* Collection entries:
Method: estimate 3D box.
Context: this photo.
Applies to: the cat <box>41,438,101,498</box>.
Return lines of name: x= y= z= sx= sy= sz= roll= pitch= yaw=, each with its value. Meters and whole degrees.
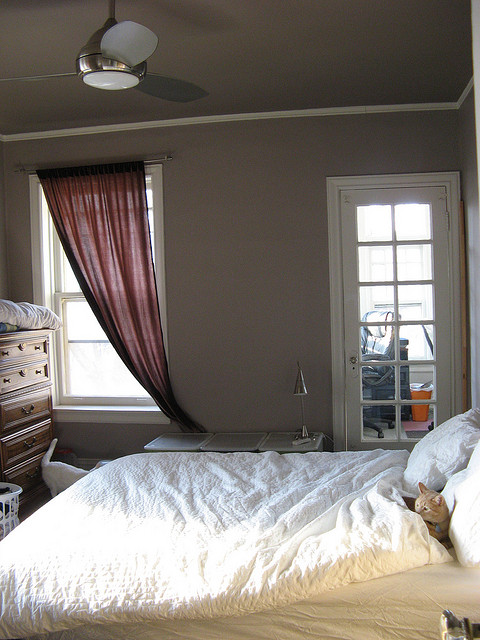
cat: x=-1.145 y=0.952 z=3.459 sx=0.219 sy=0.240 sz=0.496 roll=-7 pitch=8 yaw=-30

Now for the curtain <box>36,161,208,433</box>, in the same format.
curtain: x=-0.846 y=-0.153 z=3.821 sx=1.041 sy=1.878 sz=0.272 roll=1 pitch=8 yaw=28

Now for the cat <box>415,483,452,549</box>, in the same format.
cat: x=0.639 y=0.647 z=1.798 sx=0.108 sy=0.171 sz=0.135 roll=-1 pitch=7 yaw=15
--
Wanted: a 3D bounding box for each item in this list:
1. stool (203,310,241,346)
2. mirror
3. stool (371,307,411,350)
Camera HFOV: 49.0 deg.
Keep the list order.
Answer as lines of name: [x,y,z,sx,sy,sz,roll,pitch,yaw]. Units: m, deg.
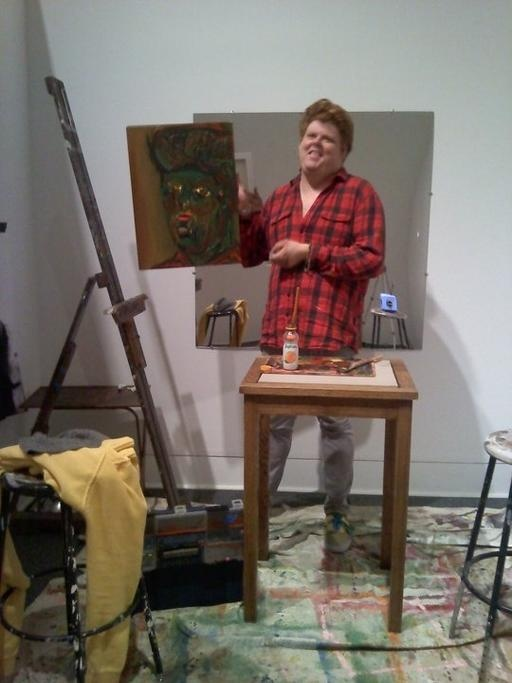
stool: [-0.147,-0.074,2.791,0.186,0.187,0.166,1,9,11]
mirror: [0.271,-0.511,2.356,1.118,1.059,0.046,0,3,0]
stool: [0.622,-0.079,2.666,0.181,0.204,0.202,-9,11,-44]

* Your objective:
Go through the data, and copy each line in which the word "list" appears.

* Exercise solution:
Wanted: a 3D bounding box for each item in this list:
Keep the list order.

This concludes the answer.